AIM OF THE TASK:
Go through the listing and set it down exactly, leaving out its pictures.

DATA SECTION:
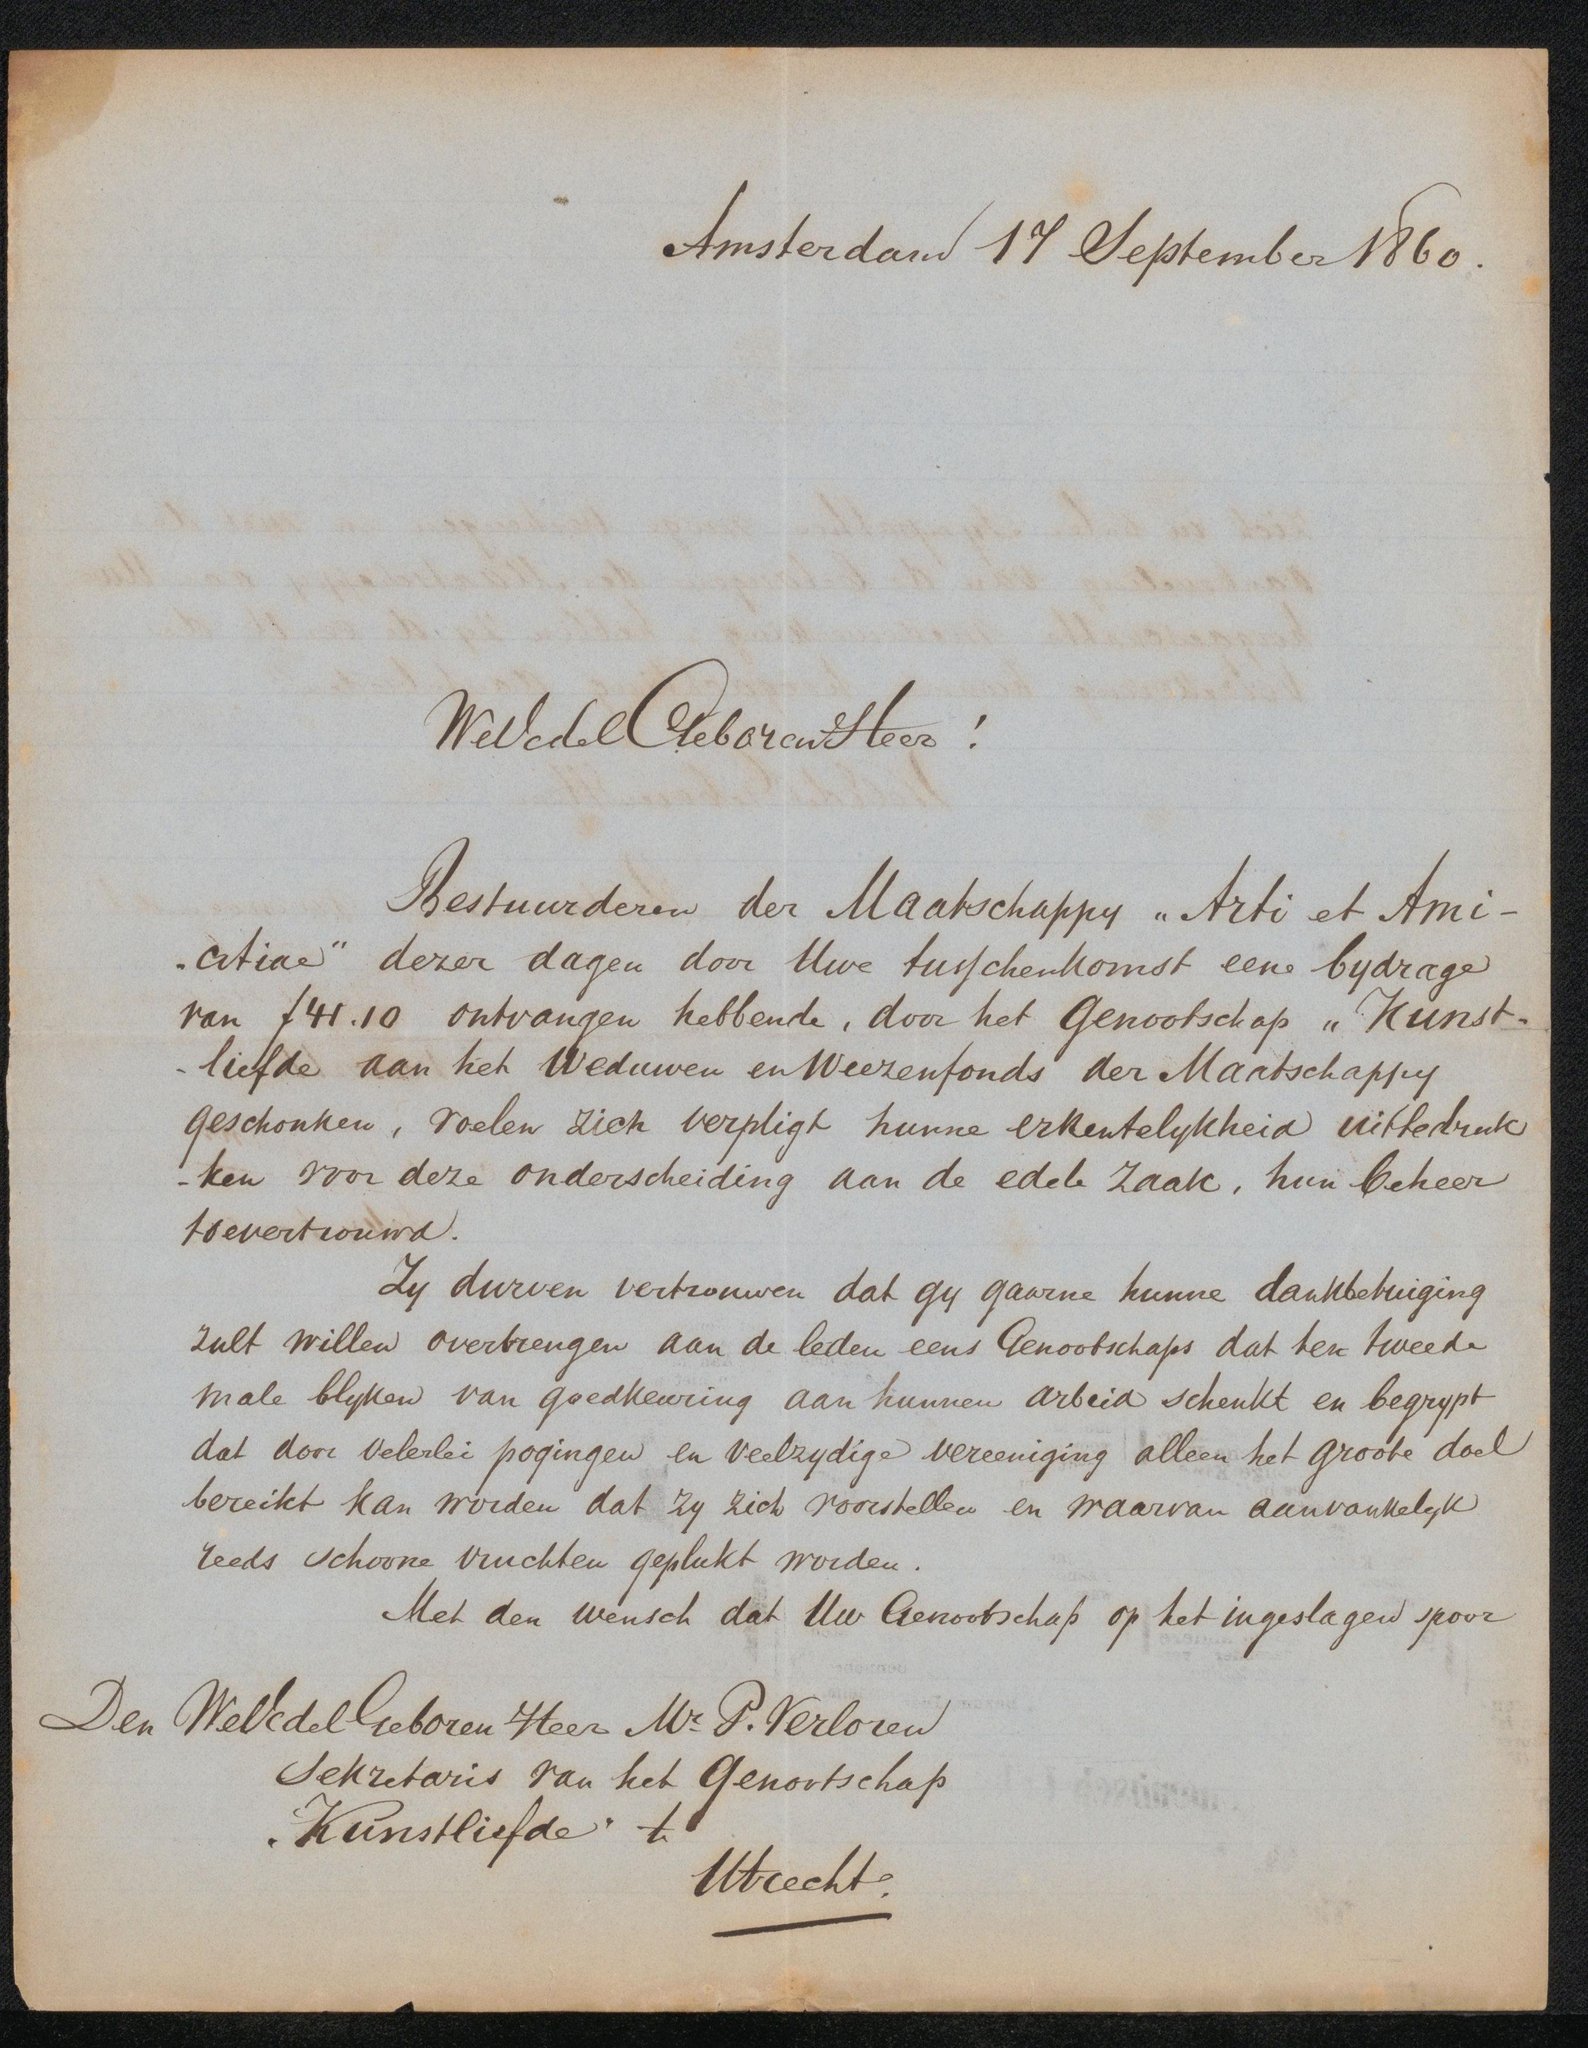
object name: letter
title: Brief aan Pieter Verloren van Themaat
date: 1860
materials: ink, paper
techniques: pen, writing
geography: amsterdam
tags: utrecht, pieter verloren van themaat, charitable works, money

TASK RESULT:
object name: letter
title: Brief aan Pieter Verloren van Themaat
date: 1860
materials: ink, paper
techniques: pen, writing
geography: amsterdam
tags: utrecht, pieter verloren van themaat, charitable works, money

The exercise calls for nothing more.